Как сияло солнце и светили звезды в те весенние дни, сменявшиеся не менее весенними вечерами! Софи еще несколько раз встречала Сергея Алексеевича на журфиксах, на пикнике, в театре, на весеннем балу у баронессы Н. Он был с ней неизменно вежлив и приветлив, охотно болтал во время коктейлей и прогулок в зимнем саду. Один раз они спели дуэтом. Никаких особых знаков внимания Серж ей не оказывал, но это отчего-то вовсе не беспокоило Софи. Она почему-то была уверена, что все уж предопределено на небесах и они непременно будут вместе. Золотой туман, окутывавший мир каждый раз, когда она видела Сержа, казался ей достаточной гарантией грядущего счастья. Даже приятно было немного потянуть время, общаться с ним будто с чужим, мило кокетничать, поддразнивать, недоуменно поднимать бровь, выслушивая комплименты. «Ах, к чему это?» Внутри Софи все время смеялась, и ей казалось, что тот же смех теплой волной плещется в глазах любимого. «Ведь ты же понимаешь…» – «Разумеется, понимаю…» – «А все они еще не догадываются…» – «Пусть так еще побудет». – «Пусть, но ведь потом все равно заметят, и придется сказать…» – «Разумеется, придется, и уж после мы не расстанемся никогда…»

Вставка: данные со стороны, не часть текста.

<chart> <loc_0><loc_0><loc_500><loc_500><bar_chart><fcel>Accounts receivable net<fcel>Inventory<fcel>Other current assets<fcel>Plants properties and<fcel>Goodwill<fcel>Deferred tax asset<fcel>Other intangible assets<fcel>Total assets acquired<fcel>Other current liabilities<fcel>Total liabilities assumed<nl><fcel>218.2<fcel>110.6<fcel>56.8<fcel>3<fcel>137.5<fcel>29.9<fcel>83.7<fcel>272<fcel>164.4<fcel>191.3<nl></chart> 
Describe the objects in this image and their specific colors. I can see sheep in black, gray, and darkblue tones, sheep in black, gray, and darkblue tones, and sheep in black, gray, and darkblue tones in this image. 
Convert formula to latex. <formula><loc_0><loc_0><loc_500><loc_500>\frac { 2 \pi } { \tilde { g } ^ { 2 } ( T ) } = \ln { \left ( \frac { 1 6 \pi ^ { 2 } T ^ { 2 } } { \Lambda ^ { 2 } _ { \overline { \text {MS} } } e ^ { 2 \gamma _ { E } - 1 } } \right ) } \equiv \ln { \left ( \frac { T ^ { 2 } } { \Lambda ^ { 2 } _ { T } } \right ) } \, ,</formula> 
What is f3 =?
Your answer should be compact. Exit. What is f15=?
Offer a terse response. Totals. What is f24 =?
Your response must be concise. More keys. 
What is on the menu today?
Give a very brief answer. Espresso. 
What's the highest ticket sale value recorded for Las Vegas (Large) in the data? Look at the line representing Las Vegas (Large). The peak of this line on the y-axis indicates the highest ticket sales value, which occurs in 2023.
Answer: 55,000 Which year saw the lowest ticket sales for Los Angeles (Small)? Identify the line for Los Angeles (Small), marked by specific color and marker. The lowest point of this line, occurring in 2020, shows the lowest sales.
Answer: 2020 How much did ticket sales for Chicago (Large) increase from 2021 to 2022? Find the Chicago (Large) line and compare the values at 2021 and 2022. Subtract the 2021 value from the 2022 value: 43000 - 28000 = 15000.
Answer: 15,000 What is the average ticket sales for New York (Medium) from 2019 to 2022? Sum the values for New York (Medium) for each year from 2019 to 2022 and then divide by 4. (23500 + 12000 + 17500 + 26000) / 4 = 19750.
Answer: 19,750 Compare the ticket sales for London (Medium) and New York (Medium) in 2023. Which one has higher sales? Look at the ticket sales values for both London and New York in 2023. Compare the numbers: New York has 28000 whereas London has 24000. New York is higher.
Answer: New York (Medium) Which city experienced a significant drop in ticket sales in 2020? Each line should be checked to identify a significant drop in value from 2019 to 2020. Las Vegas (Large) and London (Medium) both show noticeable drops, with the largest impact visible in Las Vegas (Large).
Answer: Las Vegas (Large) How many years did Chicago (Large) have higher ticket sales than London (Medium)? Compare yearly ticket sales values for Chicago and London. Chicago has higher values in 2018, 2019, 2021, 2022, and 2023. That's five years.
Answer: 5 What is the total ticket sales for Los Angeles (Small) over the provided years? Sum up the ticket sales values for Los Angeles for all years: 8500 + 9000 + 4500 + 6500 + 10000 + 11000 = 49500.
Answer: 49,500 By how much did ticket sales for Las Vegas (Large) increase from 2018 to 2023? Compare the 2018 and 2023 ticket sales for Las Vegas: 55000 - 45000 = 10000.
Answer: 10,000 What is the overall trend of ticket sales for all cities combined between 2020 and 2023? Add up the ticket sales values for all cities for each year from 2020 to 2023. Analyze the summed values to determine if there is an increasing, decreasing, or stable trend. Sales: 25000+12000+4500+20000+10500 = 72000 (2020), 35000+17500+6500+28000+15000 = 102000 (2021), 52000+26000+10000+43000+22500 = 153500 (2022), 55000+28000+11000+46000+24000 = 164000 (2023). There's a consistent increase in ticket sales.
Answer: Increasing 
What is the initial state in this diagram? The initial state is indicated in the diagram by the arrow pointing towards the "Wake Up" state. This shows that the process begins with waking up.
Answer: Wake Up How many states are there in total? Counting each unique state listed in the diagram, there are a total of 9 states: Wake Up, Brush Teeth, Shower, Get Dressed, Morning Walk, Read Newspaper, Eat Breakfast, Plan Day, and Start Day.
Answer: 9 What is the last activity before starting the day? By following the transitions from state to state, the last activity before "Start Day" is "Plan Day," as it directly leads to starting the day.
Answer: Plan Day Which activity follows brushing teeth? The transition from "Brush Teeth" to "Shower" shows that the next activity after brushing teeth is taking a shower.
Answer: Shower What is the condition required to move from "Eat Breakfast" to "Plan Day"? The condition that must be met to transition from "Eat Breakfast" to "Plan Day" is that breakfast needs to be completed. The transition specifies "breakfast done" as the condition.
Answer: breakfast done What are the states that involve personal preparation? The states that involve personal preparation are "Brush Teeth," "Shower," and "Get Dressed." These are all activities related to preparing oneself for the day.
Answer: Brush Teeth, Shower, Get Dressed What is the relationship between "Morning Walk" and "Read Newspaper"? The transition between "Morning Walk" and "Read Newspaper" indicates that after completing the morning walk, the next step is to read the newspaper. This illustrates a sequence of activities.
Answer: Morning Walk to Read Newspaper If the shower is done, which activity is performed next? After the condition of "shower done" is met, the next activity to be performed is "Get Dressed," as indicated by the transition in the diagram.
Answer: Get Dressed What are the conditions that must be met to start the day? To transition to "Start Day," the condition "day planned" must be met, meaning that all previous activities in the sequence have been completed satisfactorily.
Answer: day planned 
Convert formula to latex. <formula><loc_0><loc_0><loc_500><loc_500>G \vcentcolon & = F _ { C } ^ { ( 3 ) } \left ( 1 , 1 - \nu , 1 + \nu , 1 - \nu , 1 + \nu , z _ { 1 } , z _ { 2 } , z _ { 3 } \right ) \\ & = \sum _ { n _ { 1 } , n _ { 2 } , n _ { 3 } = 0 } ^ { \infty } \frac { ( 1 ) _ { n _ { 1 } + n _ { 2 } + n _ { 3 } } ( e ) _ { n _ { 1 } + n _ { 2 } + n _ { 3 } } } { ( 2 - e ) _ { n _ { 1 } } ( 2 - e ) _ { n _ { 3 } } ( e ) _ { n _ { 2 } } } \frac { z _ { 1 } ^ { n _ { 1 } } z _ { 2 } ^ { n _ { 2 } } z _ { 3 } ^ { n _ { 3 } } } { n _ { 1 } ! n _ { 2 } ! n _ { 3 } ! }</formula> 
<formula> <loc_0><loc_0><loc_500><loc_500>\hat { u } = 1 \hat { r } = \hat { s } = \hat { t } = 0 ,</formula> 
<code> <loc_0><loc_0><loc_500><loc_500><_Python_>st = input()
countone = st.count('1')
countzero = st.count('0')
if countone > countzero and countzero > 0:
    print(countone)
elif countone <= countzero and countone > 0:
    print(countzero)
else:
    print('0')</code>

Дома, в своей комнате, Софи бережно вспоминала каждый миг их нечастых встреч и – вот чудо! – была совершенно уверена, что диалоги, подобные вышеприведенному, разыгрывались на самом деле, а не исключительно в ее воображении.
В мечтах она уже прожила с Сержем всю жизнь. Она выезжала с ним в свет, блистая расцветающей с годами красотой, которой восхищались все (включая великих князей, иностранных послов и самого государя императора), но которая принадлежала одному лишь Сержу. Они вдвоем катались на чистокровных рысаках в обширном богатом поместье с фонтанами и английским садом, целовались на дерновых скамьях в укромных беседках, плавали в гондоле по каналам Венеции и устраивали пикники где-то в Альпах (Софи даже не представляла толком, где они находятся, но батюшкин приятель, много путешествовавший за границей, рассказывал им с Элен, что альпийские пейзажи несравненно красивы). У них родилось четверо детей – две девочки и два мальчика. Детей Софи не хотелось вовсе, а совсем маленькие младенцы (она прекрасно помнила младенцами обоих младших братишек) вызывали у нее чувство испуганной брезгливости. Но даже в мечтах приходилось мириться с ними, потому что в настоящей семье обязательно должны быть дети, а чтобы следить за ними, существуют грудастые кормилицы, няньки, от которых всегда пахнет подгоревшим кипяченым молоком с пенками, и гувернеры с гувернантками в синих платьях и сюртуках, говорящие с ошибками на всех возможных языках ойкумены.